McLain first came up in 1963 and he showed early flashes of brilliance, winning 16 games in 1965, 20 in 1966, and 17 in 1967. He might have won 20 in 1967, if not for an unexplained accident at home where he hurt his toe and missed his last six starts. His teammates, manager, and Tiger fans thought he was dogging it, and he was blamed for the Tigers’ close second-place finish in a wild, four-team scramble for the AL pennant.

Starting 1968, he could do nothing to erase the fans’ memory of the previous season. He was booed at home after commenting that Detroit’s fans were “the world’s worst.” But soon the victories started to pile up. He won nine straight starts from mid-June to mid-July to stretch his record to 18-2. On September 1, he converted a Boog Powell line drive into a triple play to preserve his 27th victory. He was in the dugout when he won his 30th, a 5-4 come-from-behind victory over Oakland. In his 31st victory, he had a 6-1 lead over the Yankees, so he grooved a pitch to Mickey Mantle in Mantle’s last game in Tiger Stadium. Mantle crashed what would be his next-to-last career homer, passing Jimmie Foxx on the all-time home run list. McLain would have won 33 games if not for two consecutive 2-1 losses.

In the 1968 World Series, McLain lost both starts in which he opposed the Cardinals’ Bob Gibson, who had won 22 games and set a major league record with a 1.12 ERA. But McLain won Game Six on two days’ rest, setting up teammate Mickey Lolich to beat Gibson in the seventh game.

Many thought that his nonstop off-season partying would adversely affect McLain, but his lifestyle didn’t stop Tiger management from awarding their cocky ace the team’s first $100,000 contract. McLain responded by winning a second Cy Young Award (he shared it with the Orioles’ Mike Cuellar) with a 24-9 mark and a team-record nine shutouts. But things started to unravel midway through the 1969 season. He angered manager Mayo Smith by not showing up until the fourth inning of the All-Star Game, which Smith wanted him to start. Then Sky King left before the game was over, flying out in his private Cessna.

In 1970 things fell apart.
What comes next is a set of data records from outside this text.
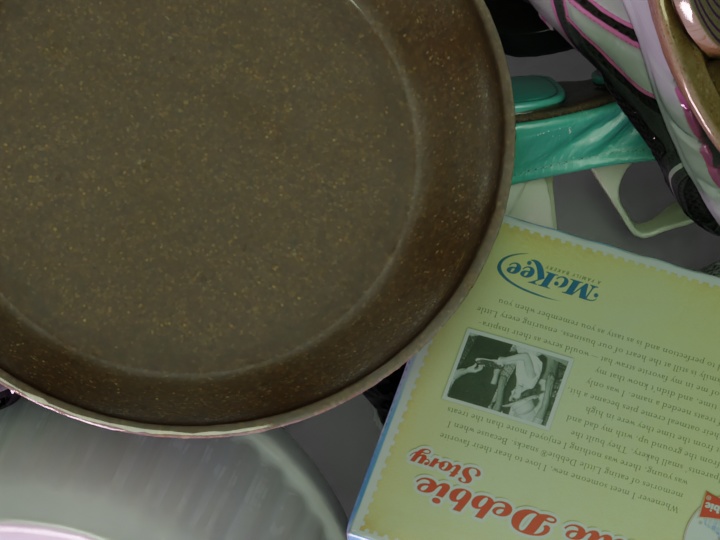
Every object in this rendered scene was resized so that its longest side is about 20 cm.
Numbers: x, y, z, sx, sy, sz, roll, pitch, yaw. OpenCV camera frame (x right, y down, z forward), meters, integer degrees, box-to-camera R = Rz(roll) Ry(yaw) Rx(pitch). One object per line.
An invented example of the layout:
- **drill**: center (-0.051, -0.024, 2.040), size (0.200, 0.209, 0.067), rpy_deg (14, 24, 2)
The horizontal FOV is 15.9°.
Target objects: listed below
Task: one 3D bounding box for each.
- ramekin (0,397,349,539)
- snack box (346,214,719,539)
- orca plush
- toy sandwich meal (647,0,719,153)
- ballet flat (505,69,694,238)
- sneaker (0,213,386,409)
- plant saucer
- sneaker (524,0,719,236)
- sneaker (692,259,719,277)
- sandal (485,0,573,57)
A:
- **ramekin**: center (-0.098, 0.135, 0.854), size (0.199, 0.105, 0.201), rpy_deg (2, 108, 6)
- **snack box**: center (0.108, 0.063, 0.786), size (0.199, 0.037, 0.117), rpy_deg (17, 69, 12)
- **orca plush**: center (0.000, 0.000, 0.850), size (0.105, 0.071, 0.201), rpy_deg (-12, 108, -18)
- **toy sandwich meal**: center (0.176, -0.104, 0.831), size (0.205, 0.070, 0.206), rpy_deg (4, 84, -39)
- **ballet flat**: center (0.080, -0.042, 0.922), size (0.199, 0.067, 0.071), rpy_deg (-11, 101, 0)
- **sneaker**: center (-0.092, 0.014, 0.815), size (0.199, 0.100, 0.070), rpy_deg (10, 119, 16)
- **plant saucer**: center (-0.054, -0.042, 0.783), size (0.200, 0.037, 0.201), rpy_deg (2, 72, -8)
- **sneaker**: center (0.085, -0.106, 0.860), size (0.080, 0.086, 0.201), rpy_deg (-35, 109, -35)
- **sneaker**: center (0.138, 0.010, 0.878), size (0.199, 0.082, 0.075), rpy_deg (-19, 50, -30)
- **sandal**: center (0.134, -0.126, 0.920), size (0.199, 0.045, 0.075), rpy_deg (-15, 44, 0)
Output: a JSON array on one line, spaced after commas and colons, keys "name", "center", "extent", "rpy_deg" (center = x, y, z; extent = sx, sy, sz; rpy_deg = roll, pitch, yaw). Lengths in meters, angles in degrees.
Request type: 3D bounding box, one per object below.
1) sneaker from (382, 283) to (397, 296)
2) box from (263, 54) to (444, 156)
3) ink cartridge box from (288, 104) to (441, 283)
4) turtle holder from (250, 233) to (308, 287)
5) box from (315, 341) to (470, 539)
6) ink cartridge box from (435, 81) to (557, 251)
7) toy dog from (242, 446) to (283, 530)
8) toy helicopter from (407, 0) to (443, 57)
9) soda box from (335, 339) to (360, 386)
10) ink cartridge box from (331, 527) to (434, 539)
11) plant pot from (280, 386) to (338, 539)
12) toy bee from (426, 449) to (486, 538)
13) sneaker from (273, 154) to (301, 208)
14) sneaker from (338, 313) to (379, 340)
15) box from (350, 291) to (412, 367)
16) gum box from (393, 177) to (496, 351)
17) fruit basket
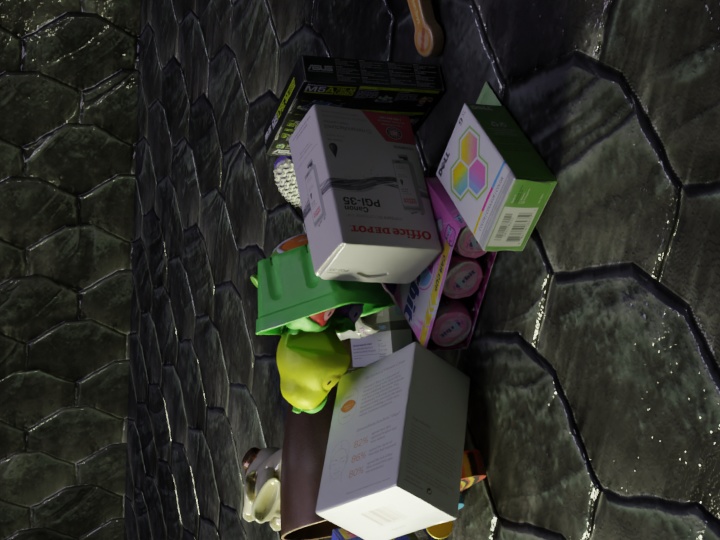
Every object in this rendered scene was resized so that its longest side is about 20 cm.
[{"name": "sneaker", "center": [0.058, -0.059, 1.466], "extent": [0.083, 0.080, 0.202], "rpy_deg": [-115, 20, -75]}, {"name": "box", "center": [-0.014, -0.216, 1.471], "extent": [0.193, 0.198, 0.048], "rpy_deg": [125, 140, -58]}, {"name": "ink cartridge box", "center": [0.005, -0.094, 1.340], "extent": [0.083, 0.145, 0.202], "rpy_deg": [-47, 48, 49]}, {"name": "turtle holder", "center": [-0.073, 0.025, 1.731], "extent": [0.140, 0.132, 0.186], "rpy_deg": [10, 145, 54]}, {"name": "box", "center": [0.044, 0.219, 1.367], "extent": [0.152, 0.106, 0.202], "rpy_deg": [-29, 39, 41]}, {"name": "ink cartridge box", "center": [0.145, -0.126, 1.269], "extent": [0.201, 0.059, 0.104], "rpy_deg": [-115, 35, -42]}, {"name": "toy dog", "center": [-0.155, 0.381, 1.993], "extent": [0.200, 0.138, 0.196], "rpy_deg": [174, 105, -68]}, {"name": "toy helicopter", "center": [0.077, -0.382, 1.423], "extent": [0.132, 0.078, 0.202], "rpy_deg": [-16, 89, 58]}, {"name": "soda box", "center": [-0.031, 0.201, 1.753], "extent": [0.068, 0.063, 0.202], "rpy_deg": [-152, 62, -64]}, {"name": "ink cartridge box", "center": [0.026, 0.431, 1.550], "extent": [0.076, 0.135, 0.202], "rpy_deg": [45, 134, 50]}, {"name": "plant pot", "center": [-0.046, 0.286, 1.637], "extent": [0.187, 0.185, 0.202], "rpy_deg": [129, 132, -59]}, {"name": "toy bee", "center": [0.083, 0.298, 1.431], "extent": [0.131, 0.108, 0.201], "rpy_deg": [-117, 33, -43]}, {"name": "sneaker", "center": [-0.056, -0.141, 1.613], "extent": [0.069, 0.199, 0.100], "rpy_deg": [-33, 51, 30]}, {"name": "sneaker", "center": [0.000, 0.000, 1.566], "extent": [0.099, 0.074, 0.203], "rpy_deg": [-3, 85, 40]}, {"name": "box", "center": [0.025, 0.042, 1.624], "extent": [0.156, 0.041, 0.203], "rpy_deg": [166, 101, -67]}, {"name": "gum box", "center": [0.110, -0.012, 1.371], "extent": [0.114, 0.065, 0.202], "rpy_deg": [-119, 34, -48]}, {"name": "fruit basket", "center": [-0.048, 0.076, 1.406], "extent": [0.215, 0.154, 0.218], "rpy_deg": [-18, -90, -72]}]

On April 1, Commissioner Bowie Kuhn suspended McLain for three months for a 1967 bookmaking incident. In August McLain filed for bankruptcy, then dumped ice water on a couple of Detroit writers. On September 9, Kuhn suspended him for the rest of the season for gun possession. Finally, on October 9, after a dismal 3-5, 4.65 season, he was traded to the Senators. Amid constant run-ins with no-nonsense Washington manager Ted Williams, McLain lost 22 games in 1971. He spent the 1972 season in Oakland and Atlanta. At the age of 28, his fastball and money were gone and his career was over. He put on weight. He tried several businesses, all of which failed. In the early 1980s, he spent over two years in jail before being granted a new trial and being released early in 1989. As he began to reassemble his life, he played the organ in a Michigan bar where Leon Spinks was the bartender, while listening to offers from promoters looking to get him back in the spotlight.